Compressed numeric time series
If your time series data is recorded at a regular frequency and all the time series values are numeric, you can define a compressed time series to store the data efficiently.
In each element, a compressed time series stores an 11-byte timestamp for the first record and a 2-byte timestamp for each of the other records. The compression ratio of the rest of the time series data varies depending on the type of data and the compression definitions. For example, you can compress an 8-byte BIGINT value down to 1 byte, with some loss of precision.
Time series definition
You define a compressed time series by running the TSCreateIrr function with the compression parameter.
You must include a compression definition for every column in the TimeSeries subtype, except the first timestamp column. The compression definitions are associated with the columns in the same order. If you do not want to compress a particular column, include a compression definition of no compression for that column. If you specify that none of the columns are compressed, only the first timestamp column is compressed.

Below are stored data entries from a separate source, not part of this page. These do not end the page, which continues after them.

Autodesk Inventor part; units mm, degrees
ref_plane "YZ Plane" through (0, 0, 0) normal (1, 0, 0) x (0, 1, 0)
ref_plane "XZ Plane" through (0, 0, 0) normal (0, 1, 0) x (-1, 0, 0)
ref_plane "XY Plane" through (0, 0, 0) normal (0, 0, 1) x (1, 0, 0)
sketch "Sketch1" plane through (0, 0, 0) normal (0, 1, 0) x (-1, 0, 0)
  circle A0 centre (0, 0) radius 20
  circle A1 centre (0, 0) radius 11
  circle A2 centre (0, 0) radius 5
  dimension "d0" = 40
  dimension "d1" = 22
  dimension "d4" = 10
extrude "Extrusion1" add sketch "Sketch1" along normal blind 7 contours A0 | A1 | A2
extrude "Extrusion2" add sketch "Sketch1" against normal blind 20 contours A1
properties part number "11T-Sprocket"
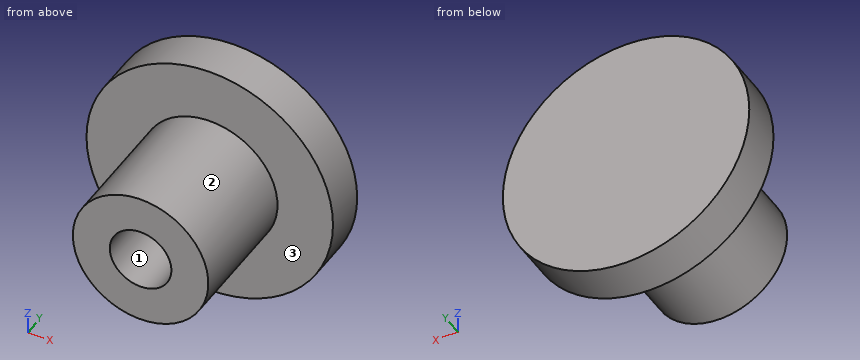
Read the model definition and answer for the solid it produces. Units are mm, in the model's axes. Face numbers are marked on the shaded views. Coordinates: 2 decimals unless noted, no trailing zeros. Order: outer loops, then holes, each group sorted by start corner. A loop starts at its lowest first (then second) coordinate and runs counter-clockwise, first axis right, second up. Notation, with made-up numbers: M -6,60.25 L 39,60.25 A23 ccw 39,97.25 Z; hole C 13,-30.5 d10. An arc over 180 degrees is marked long. Put each result on its own line as item: value. Start each with the question number.
Item 1: Section C-C, the plane y = -9.5 is taken. Determine the outline of the cut face in (x, z).
Item 2: Section A-A, the plane x = 0 is taken. Determine the outline of the cut face in (y, z), plus the area to 3 significant figures.
Item 3: Consider probe 1 along Z at (x, y) = (0, -9.5); probe 2 along Y at (x, z) = (13, -13); probe 3 along X at (y, z) = (-10.25, -2). Determine where each line is inside the solid, lowest interval first. Write a range as [from, to].
Item 4: The mould has two halves that part along Z. Classify the marked faces 1, 2 and 3: +Z half, -Z half, draft (parallel to the pull), parting line (faces both ways), or undercut.
Item 5: Given pin 1 Ø2 at (y, z) = (-3, 0) entering from -X; pin 2 Ø4 at (y, z) = (-9, -10) entering from -X; pin 3 Ø5 at (x, z) = (-1.5, -1) entering from -Y, each flat-ended and moving along its own axis, determine where each tip first touches the part or whether it passes through.
Item 6: Section B-B, the plane z = 0 is taken. Determine the outline of the cut face in (x, y), plus the area to 3 significant figures.
Item 7: Section D-D, the plane z = 8 is taken. Determine the outline of the cut face in (x, y).
Computed:
1. outline: C 0,0 d22; hole C 0,0 d10
2. outline: M -20,-11 L 0,-11 L 0,-20 L 7,-20 L 7,20 L 0,20 L 0,11 L -20,11 L -20,5 L 0,5 L 0,-5 L -20,-5 Z
2. area: 520 mm2
3. probe 1: z = [-11, -5], [5, 11]
3. probe 2: y = [0, 7]
3. probe 3: x = [-10.82, -4.58], [4.58, 10.82]
4. face 1: undercut
4. face 2: parting line
4. face 3: draft
5. pin 1: stops at x = -11
5. pin 2: stops at x = -7.55
5. pin 3: stops at y = 0
6. outline: M -20,0 L -11,0 L -11,-20 L -5,-20 L -5,0 L 5,0 L 5,-20 L 11,-20 L 11,0 L 20,0 L 20,7 L -20,7 Z
6. area: 520 mm2
7. outline: M -18.33,0 L -7.55,0 L -7.55,-20 L 7.55,-20 L 7.55,0 L 18.33,0 L 18.33,7 L -18.33,7 Z

Besides the first timestamp column, the TimeSeries subtype columns must have only the following data types: SMALLINT, INTEGER, BIGINT, SMALLFLOAT, and FLOAT.
- LVARCHAR
- VARCHAR
- NVARCHAR
- CHAR
- NCHARNote:
The CHAR and NCHAR data types can be treated in two ways: variable length string or fixed length, space padded, string.
- BOOLEAN
- INT8
- DECIMAL
- MONEY
- DATE
- DATETIME
- INTERVAL
- BSON
- Any fixed length UDT (with the same TS restrictions on UDTs as column in a TS subtype)

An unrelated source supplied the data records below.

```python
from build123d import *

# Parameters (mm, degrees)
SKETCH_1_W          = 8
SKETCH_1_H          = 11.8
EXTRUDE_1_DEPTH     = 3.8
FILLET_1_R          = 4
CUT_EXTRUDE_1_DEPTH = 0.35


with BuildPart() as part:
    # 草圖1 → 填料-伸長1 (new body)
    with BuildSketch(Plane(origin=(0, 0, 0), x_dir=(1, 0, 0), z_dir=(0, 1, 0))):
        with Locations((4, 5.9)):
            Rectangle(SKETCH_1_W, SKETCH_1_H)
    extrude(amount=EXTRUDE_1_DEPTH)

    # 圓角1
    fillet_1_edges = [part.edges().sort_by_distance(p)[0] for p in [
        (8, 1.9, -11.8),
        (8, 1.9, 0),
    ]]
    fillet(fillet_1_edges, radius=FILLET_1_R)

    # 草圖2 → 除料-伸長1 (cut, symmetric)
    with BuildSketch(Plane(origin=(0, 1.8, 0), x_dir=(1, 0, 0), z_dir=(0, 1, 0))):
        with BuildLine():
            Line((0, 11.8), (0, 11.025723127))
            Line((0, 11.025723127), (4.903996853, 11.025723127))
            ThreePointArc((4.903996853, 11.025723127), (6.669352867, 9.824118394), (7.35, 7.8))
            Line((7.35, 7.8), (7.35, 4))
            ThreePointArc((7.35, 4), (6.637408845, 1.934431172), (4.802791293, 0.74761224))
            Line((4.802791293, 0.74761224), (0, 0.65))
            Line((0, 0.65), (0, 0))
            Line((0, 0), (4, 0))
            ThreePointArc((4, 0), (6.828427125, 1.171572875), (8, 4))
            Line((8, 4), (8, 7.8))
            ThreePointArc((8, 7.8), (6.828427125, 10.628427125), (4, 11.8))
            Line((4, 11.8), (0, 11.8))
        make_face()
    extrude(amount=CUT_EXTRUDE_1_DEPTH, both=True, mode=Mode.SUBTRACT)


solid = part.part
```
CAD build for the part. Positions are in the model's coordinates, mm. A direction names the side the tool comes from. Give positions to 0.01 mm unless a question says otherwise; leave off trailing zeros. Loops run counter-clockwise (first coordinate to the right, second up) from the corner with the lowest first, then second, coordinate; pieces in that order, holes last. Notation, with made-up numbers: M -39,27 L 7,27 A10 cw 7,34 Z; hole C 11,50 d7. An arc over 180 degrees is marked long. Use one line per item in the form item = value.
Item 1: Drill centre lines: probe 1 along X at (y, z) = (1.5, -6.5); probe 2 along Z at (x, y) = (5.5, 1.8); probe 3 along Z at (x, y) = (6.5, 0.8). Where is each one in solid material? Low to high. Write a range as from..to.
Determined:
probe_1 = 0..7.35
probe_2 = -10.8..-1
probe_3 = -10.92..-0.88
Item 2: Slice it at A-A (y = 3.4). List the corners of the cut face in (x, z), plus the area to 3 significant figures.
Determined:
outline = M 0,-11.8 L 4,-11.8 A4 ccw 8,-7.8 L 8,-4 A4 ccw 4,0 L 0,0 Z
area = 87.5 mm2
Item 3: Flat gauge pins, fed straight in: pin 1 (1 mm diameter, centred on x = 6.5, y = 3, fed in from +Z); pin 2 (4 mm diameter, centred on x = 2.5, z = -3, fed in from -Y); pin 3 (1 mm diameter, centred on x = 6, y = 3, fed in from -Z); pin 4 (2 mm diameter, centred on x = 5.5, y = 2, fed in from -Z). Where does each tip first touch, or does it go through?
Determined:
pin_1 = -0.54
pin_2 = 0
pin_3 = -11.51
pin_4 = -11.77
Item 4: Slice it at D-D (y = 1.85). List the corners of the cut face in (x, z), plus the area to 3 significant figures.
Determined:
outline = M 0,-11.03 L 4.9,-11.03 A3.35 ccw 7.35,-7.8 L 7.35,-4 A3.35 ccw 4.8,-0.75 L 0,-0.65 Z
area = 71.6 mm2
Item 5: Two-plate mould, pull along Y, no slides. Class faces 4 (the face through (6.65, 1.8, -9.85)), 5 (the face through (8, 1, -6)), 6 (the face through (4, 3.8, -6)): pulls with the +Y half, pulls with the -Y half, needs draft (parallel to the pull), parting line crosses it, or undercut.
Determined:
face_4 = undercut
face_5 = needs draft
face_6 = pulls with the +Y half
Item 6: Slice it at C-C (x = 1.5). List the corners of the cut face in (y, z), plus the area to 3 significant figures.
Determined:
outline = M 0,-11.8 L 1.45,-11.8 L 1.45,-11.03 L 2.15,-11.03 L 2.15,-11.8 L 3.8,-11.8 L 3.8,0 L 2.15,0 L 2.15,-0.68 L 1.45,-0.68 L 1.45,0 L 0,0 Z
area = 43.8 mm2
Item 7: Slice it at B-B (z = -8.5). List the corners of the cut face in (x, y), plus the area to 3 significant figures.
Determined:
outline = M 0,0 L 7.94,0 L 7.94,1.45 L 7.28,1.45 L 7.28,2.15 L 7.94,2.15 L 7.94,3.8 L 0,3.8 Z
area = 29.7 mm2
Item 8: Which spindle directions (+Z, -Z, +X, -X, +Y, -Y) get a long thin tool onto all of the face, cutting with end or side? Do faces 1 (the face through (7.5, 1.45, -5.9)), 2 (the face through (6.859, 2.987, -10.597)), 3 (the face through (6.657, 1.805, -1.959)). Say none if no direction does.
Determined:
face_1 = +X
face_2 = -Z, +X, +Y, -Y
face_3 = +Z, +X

- Any variable length UDT (with the same TS restrictions on UDTs as column in a TS subtype)
The calendar that you specify in the time series definition defines the size of the interval, however, off periods are not allowed. One record per interval is accepted and the timestamp must be on the interval boundary. For example, if the calendar has an interval of minute, a timestamp that has seconds values other than 00.00000, such as 2013-01-01 01:52:15.00000, is rejected.
Compressed records must be stored in containers. However, a compressed time series cannot be stored in rolling window containers.
Compression types
You compress data with the following types of compression algorithms:
- Quantization
- The quantization compression algorithm divides continuous values into discrete grids. Each grid represents a range of values. Fewer bytes are needed to represent a grid than a numeric value. The quantization algorithm can be lossy. The quantization algorithm allows NULL values.
- Linear
- The linear compression algorithm represents values as line segments, which are defined by two end points. If the values are within the supplied deviation, the values are not recorded. The linear compression algorithm records a value only when a new value deviates too much from the last recorded value. The linear compression algorithm does not allow NULL values.
You can combine compression types and choose the quantization linear boxcar or quantization linear swing door compression algorithm.
You can choose not to compress a column. Columns that are not compressed allow NULL values.
Lossiness
The following equation describes margin of error that is allowed between the original and the compressed values for the different compression types:
Quantization type:
margin of error = (upper_bound - lower_bound)
/(2^(compress_size*8))
Linear types:
margin of error = maximum_deviation
Combination of quantization and linear types:
margin of error = (upper_bound - lower_bound)
/(2^(compress_size*8) + maximum_deviation)
- compress_size
- The size of the compressed data, in bytes.
- lower_bound
- The lowest acceptable value.
- maximum_deviation
- The absolute value of the margin of error.
- upper_bound
- The highest acceptable value.
For example, if the compression definition for quantization
is q(1,1,100)
, the compression size is 1 byte, the
lower boundary is 1, and the upper boundary is 100. The following
equation calculates the margin of error:
(100-1)/256 = 0.387
The maximum difference between the original value and the compressed value is plus or minus 0.387.
For the linear compression type, the margin of error is equal to the maximum deviation value. For example, if the original value is 20 and the maximum deviation value is 0.1, then the compressed value is in the range 19.9 - 20.1.
If the
compression definition for quantization linear boxcar is qlb(1,1,100,100000)
,
the compression size is 1 byte, the maximum deviation is 1, the lower
boundary is 100, and the upper boundary is 100000. The following equation
calculates the margin of error:
(100000-100)/256= 390.235 + 1 = 391.235
The maximum difference between the original value and the compressed value is plus or minus 391.235.